▶ _YOUR TASK_
Copy exactly the last part of the listing below, beginning at the line that contains "subtitle [1164, 1359, 1181, 1398]" and including the final line.

▶ _THE RECORDS_

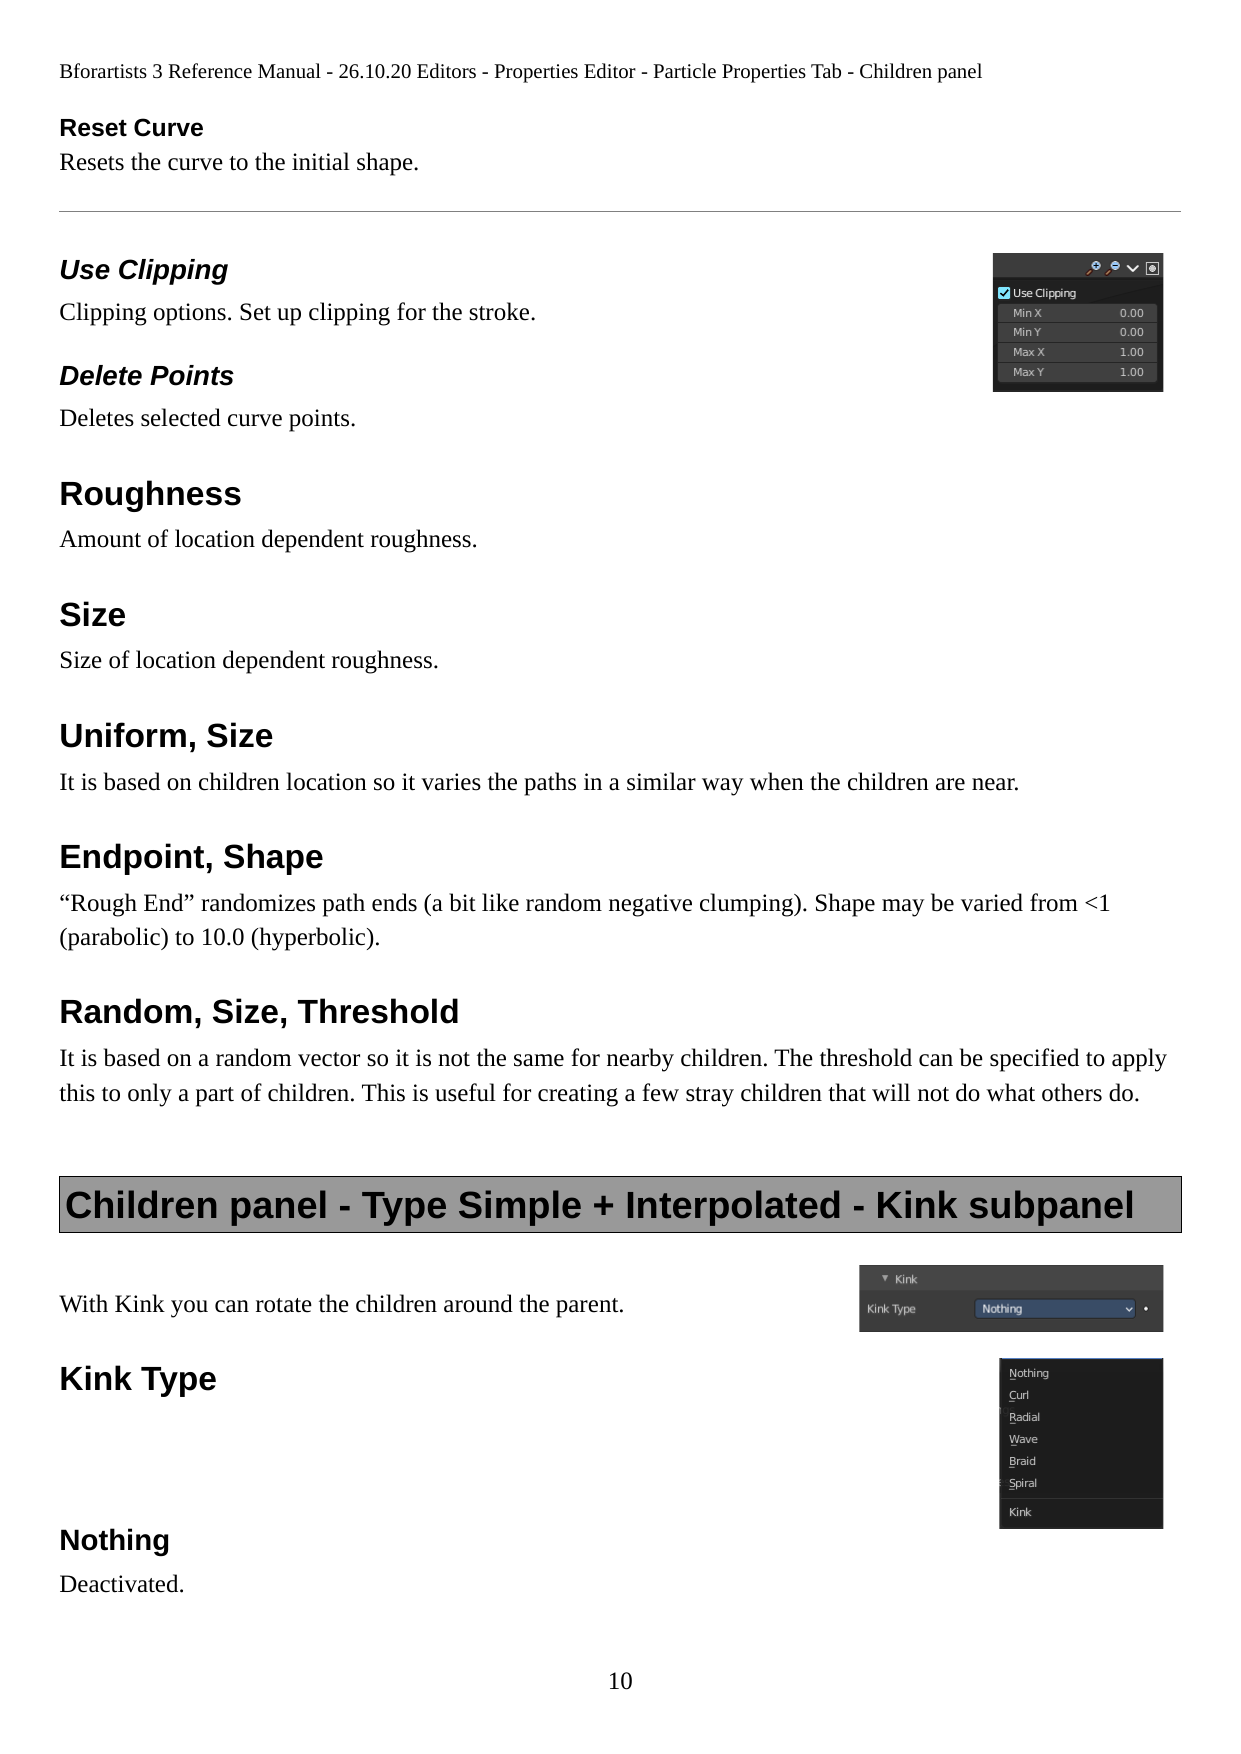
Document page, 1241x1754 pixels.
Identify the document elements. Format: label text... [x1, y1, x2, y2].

picture [999, 1358, 1164, 1529]
subtitle Use Clipping [59, 253, 992, 285]
text Size of location dependent roughness. [59, 646, 1181, 674]
subtitle Roughness [59, 473, 1181, 512]
text Deletes selected curve points. [59, 403, 1181, 432]
text It is based on children location so it varies the paths in a similar way when the children are near. [59, 767, 1181, 795]
picture [859, 1265, 1164, 1332]
subtitle Kink Type [59, 1359, 999, 1398]
subtitle [1164, 359, 1181, 391]
subtitle Random, Size, Threshold [59, 992, 1181, 1031]
table_header Children panel - Type Simple + Interpolated - Kink subpanel [60, 1177, 1181, 1232]
subtitle [1164, 253, 1181, 285]
subtitle Nothing [59, 1523, 1181, 1557]
picture [992, 253, 1164, 392]
subtitle Delete Points [59, 359, 992, 391]
text Amount of location dependent roughness. [59, 524, 1181, 553]
text Clipping options. Set up clipping for the stroke. [59, 297, 992, 326]
subtitle [1164, 1359, 1181, 1398]
subtitle Endpoint, Shape [59, 836, 1181, 875]
subtitle Uniform, Size [59, 715, 1181, 754]
subtitle Reset Curve [59, 113, 1181, 141]
text Resets the curve to the initial shape. [59, 147, 1181, 176]
text It is based on a random vector so it is not the same for nearby children. The threshold can be specified to apply this to only a part of children. This is useful for creating a few stray children that will not do what others do. [59, 1043, 1181, 1106]
text “Rough End” randomizes path ends (a bit like random negative clumping). Shape may be varied from <1 (parabolic) to 10.0 (hyperbolic). [59, 888, 1181, 951]
text Deactivated. [59, 1569, 1181, 1598]
subtitle Size [59, 594, 1181, 633]
text With Kink you can rotate the children around the parent. [59, 1289, 859, 1318]

▶ _EXERCISE OUTPUT_
subtitle [1164, 1359, 1181, 1398]
subtitle Endpoint, Shape [59, 836, 1181, 875]
subtitle Uniform, Size [59, 715, 1181, 754]
subtitle Reset Curve [59, 113, 1181, 141]
text Resets the curve to the initial shape. [59, 147, 1181, 176]
text It is based on a random vector so it is not the same for nearby children. The threshold can be specified to apply this to only a part of children. This is useful for creating a few stray children that will not do what others do. [59, 1043, 1181, 1106]
text “Rough End” randomizes path ends (a bit like random negative clumping). Shape may be varied from <1 (parabolic) to 10.0 (hyperbolic). [59, 888, 1181, 951]
text Deactivated. [59, 1569, 1181, 1598]
subtitle Size [59, 594, 1181, 633]
text With Kink you can rotate the children around the parent. [59, 1289, 859, 1318]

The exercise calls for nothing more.